**Required work**
Using the listing below, print exactly everything from the line with "#3 car [162,199,164,208]" down to the line with "#5 car [106,204,124,211]", both included, and nothing more.
┄┄┄┄┄┄
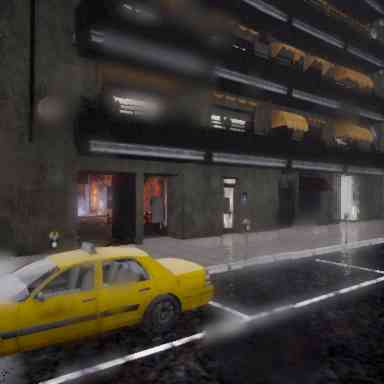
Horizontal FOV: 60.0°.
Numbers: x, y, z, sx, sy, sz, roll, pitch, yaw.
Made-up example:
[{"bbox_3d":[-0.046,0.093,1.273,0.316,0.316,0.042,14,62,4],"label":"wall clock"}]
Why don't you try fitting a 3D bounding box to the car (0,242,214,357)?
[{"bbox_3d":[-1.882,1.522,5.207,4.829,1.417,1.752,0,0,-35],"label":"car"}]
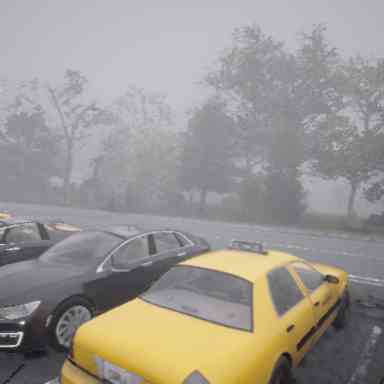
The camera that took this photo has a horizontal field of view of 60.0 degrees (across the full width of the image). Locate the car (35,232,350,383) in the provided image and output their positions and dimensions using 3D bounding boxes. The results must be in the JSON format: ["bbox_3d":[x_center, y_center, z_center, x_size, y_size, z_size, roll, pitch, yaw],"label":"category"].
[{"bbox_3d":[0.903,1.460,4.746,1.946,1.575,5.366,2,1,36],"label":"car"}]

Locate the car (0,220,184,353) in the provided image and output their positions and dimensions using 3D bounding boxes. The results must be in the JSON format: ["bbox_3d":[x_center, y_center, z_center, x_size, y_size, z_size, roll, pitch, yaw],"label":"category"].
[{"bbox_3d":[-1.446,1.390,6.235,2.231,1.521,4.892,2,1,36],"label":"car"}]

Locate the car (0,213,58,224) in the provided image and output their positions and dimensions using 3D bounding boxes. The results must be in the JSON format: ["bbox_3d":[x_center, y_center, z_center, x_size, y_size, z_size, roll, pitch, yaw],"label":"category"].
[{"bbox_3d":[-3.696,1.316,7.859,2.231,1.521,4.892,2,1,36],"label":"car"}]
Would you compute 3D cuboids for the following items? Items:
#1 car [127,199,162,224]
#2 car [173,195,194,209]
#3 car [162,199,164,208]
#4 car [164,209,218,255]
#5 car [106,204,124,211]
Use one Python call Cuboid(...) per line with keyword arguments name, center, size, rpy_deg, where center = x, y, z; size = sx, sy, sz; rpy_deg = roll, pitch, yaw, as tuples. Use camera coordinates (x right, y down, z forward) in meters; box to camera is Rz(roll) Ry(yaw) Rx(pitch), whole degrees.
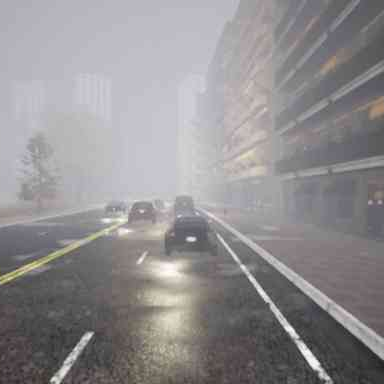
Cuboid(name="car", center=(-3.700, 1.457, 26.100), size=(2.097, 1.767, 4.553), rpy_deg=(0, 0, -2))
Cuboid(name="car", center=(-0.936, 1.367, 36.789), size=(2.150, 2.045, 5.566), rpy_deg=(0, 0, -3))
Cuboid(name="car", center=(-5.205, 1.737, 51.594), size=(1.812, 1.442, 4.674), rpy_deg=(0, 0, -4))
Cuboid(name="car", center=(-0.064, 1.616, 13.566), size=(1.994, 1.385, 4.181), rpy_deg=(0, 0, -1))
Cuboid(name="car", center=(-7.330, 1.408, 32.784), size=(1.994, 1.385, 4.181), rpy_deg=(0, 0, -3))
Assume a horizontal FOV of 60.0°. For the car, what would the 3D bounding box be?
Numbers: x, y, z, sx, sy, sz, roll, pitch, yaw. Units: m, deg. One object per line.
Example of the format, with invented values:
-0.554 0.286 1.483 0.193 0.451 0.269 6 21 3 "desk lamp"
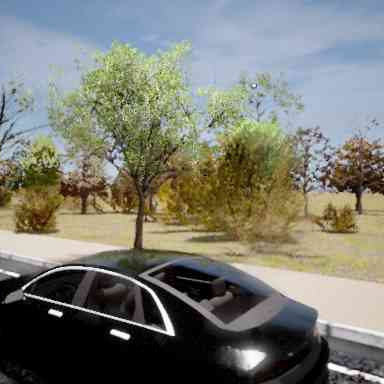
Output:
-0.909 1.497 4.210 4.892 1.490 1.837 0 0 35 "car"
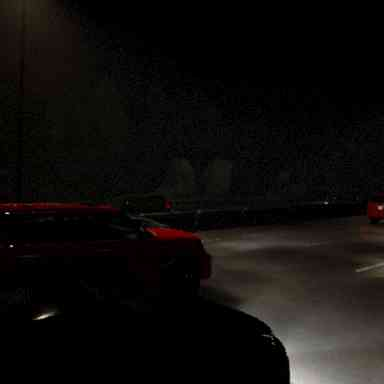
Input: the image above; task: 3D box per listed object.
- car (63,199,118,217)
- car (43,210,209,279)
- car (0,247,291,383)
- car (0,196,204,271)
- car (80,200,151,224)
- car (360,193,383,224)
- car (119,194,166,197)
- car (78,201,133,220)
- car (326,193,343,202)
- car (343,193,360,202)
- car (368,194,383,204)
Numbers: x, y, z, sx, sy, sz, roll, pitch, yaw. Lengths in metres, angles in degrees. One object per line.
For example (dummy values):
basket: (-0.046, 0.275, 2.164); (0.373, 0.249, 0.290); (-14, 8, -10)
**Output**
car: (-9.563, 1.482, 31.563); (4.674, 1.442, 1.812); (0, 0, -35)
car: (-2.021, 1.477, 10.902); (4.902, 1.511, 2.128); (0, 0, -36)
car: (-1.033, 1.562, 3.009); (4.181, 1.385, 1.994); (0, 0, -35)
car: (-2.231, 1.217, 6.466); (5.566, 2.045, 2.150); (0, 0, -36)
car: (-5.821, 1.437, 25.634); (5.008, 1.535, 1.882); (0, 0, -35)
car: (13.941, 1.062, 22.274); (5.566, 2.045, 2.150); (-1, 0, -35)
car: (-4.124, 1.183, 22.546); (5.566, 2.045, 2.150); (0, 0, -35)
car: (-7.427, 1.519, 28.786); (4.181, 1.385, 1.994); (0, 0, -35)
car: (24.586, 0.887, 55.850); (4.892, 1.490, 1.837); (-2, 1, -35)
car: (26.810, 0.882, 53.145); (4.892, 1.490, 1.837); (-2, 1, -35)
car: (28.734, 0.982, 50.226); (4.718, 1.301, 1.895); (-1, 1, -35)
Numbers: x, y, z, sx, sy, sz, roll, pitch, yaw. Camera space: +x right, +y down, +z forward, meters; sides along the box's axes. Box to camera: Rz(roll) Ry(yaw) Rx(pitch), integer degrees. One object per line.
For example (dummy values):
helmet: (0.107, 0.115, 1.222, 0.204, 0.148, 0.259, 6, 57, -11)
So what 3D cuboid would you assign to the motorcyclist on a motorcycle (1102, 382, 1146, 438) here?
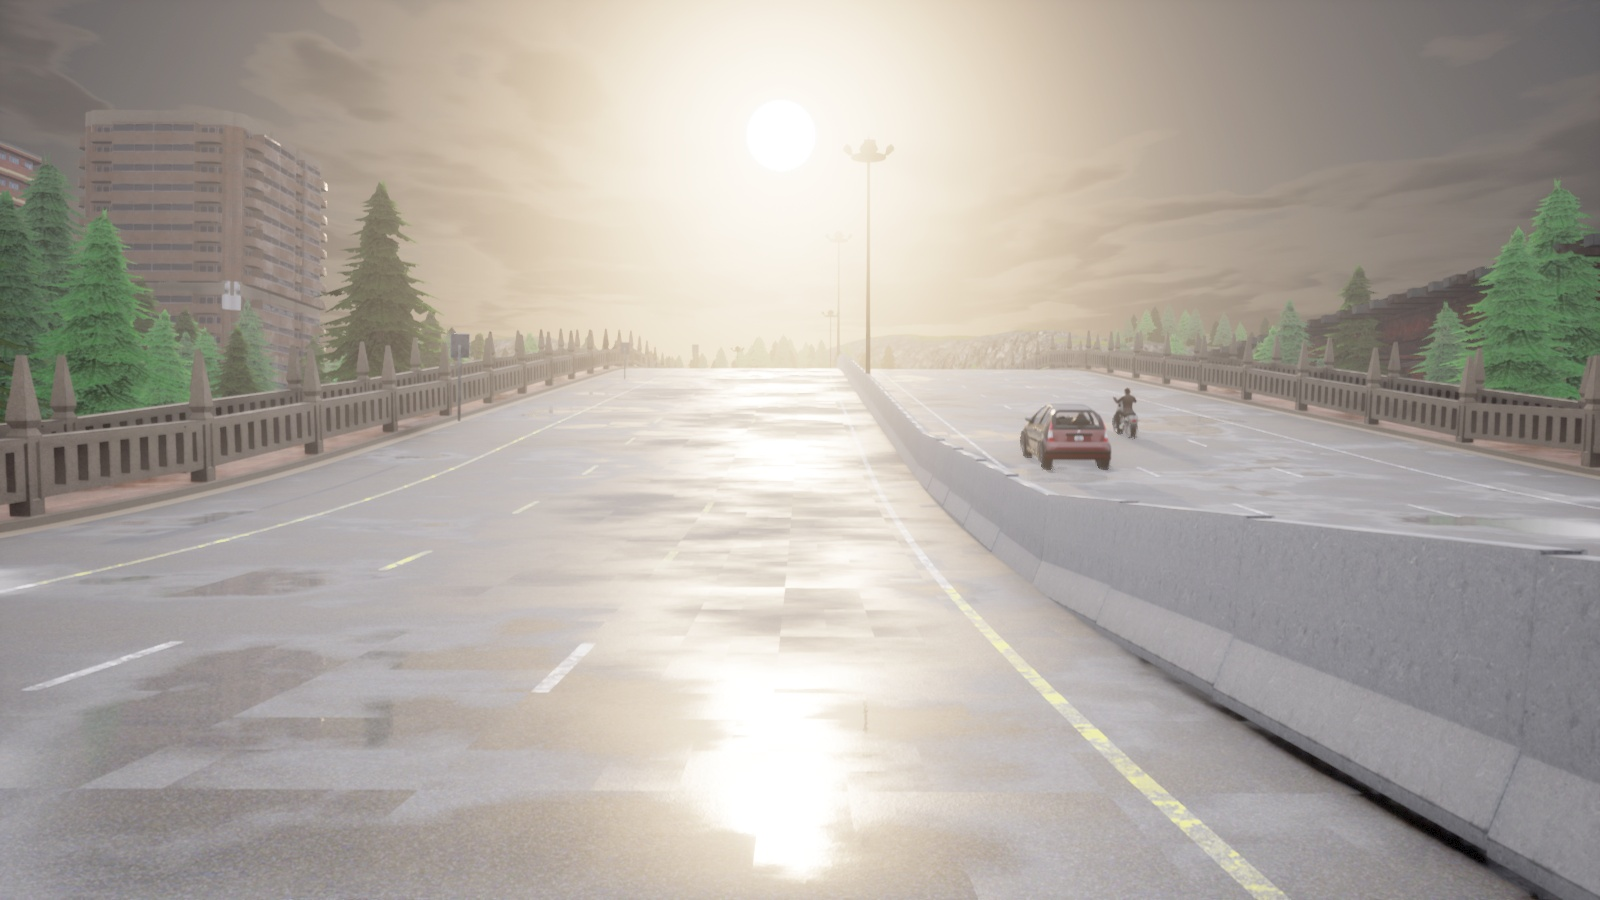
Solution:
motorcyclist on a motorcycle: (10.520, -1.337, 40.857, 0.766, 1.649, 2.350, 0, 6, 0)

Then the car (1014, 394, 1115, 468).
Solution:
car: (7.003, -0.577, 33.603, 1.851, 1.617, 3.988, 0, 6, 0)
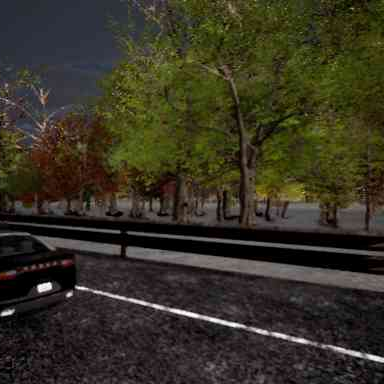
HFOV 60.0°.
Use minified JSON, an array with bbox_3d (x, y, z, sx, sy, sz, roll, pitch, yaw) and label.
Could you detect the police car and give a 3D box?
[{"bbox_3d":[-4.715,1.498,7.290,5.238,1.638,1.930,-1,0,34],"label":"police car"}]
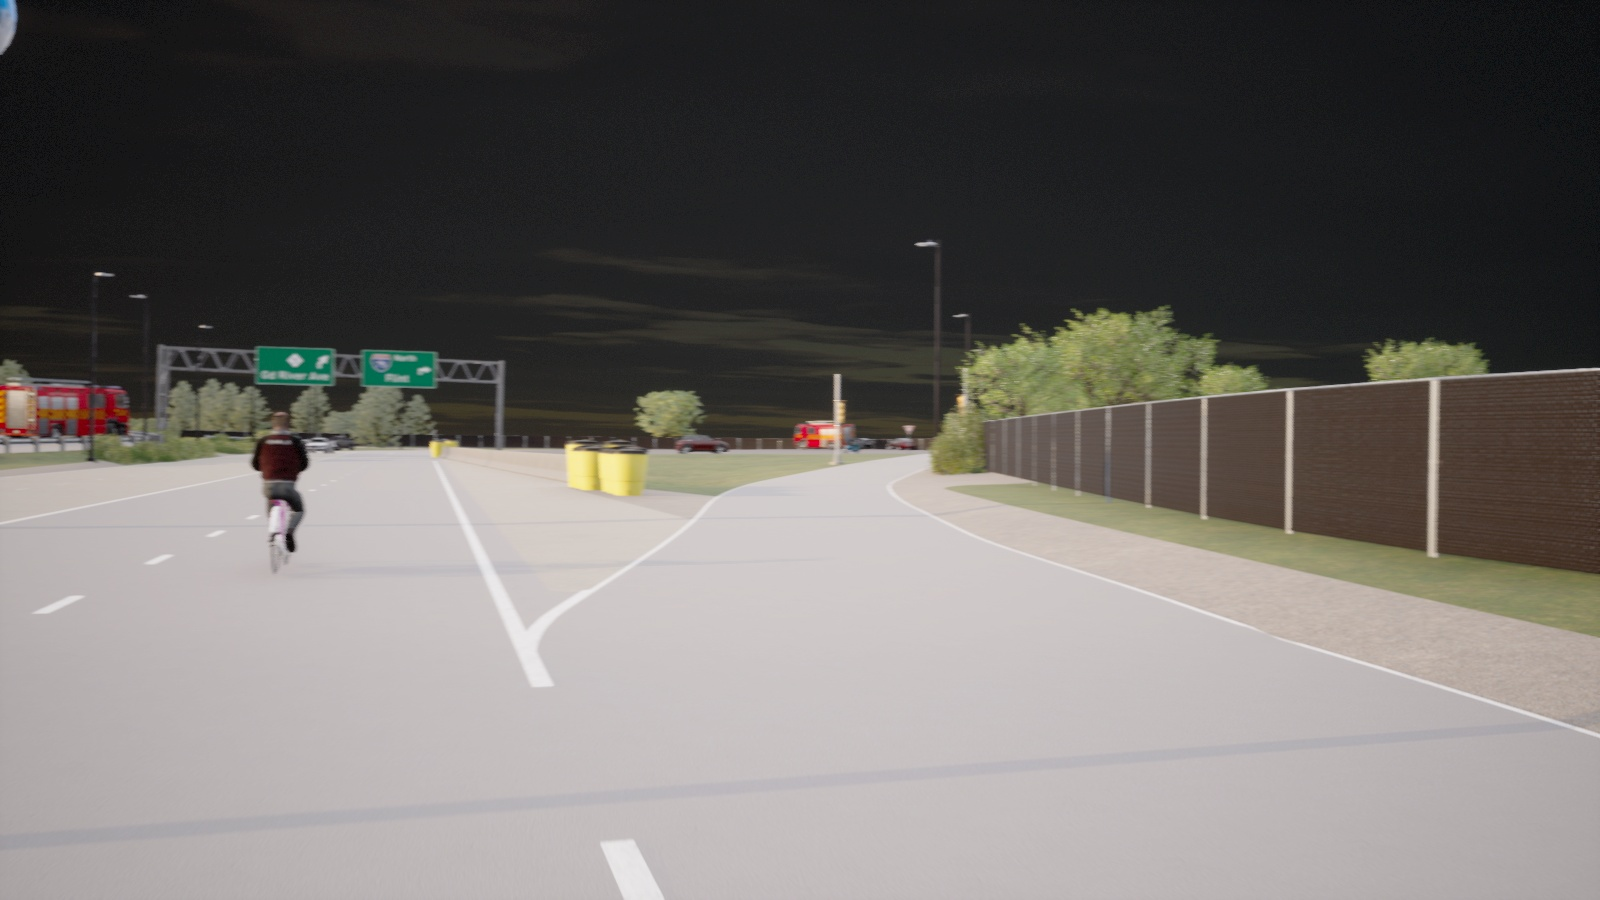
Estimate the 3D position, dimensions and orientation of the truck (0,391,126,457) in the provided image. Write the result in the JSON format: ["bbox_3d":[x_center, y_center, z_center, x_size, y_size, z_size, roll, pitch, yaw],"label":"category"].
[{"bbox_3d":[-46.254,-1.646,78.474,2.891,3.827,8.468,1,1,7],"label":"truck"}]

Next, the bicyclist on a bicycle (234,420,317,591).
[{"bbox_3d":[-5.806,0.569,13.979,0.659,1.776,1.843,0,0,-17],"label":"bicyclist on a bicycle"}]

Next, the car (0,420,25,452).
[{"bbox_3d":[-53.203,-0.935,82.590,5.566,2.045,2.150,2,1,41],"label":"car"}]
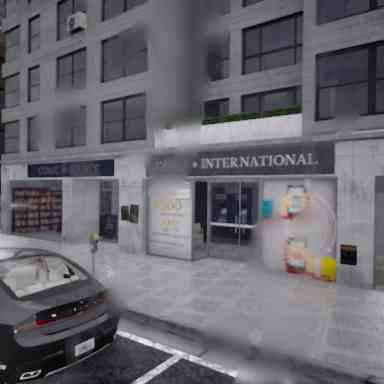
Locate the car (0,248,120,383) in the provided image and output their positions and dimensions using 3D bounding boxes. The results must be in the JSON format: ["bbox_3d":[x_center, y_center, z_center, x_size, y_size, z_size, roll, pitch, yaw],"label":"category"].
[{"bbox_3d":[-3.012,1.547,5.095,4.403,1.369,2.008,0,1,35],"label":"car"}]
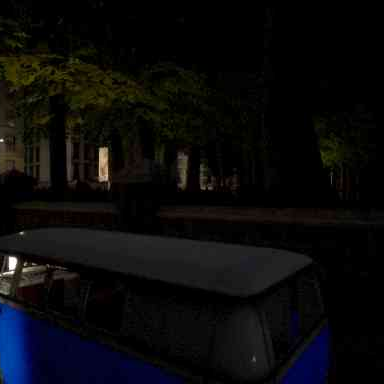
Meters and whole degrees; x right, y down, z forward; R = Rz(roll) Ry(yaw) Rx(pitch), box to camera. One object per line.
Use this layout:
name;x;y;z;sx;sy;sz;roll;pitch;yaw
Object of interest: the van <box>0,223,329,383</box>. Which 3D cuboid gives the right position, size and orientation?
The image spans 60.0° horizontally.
┄┄┄┄┄┄
**Result of this exercise**
#3 car [162,199,164,208]
#4 car [164,209,218,255]
#5 car [106,204,124,211]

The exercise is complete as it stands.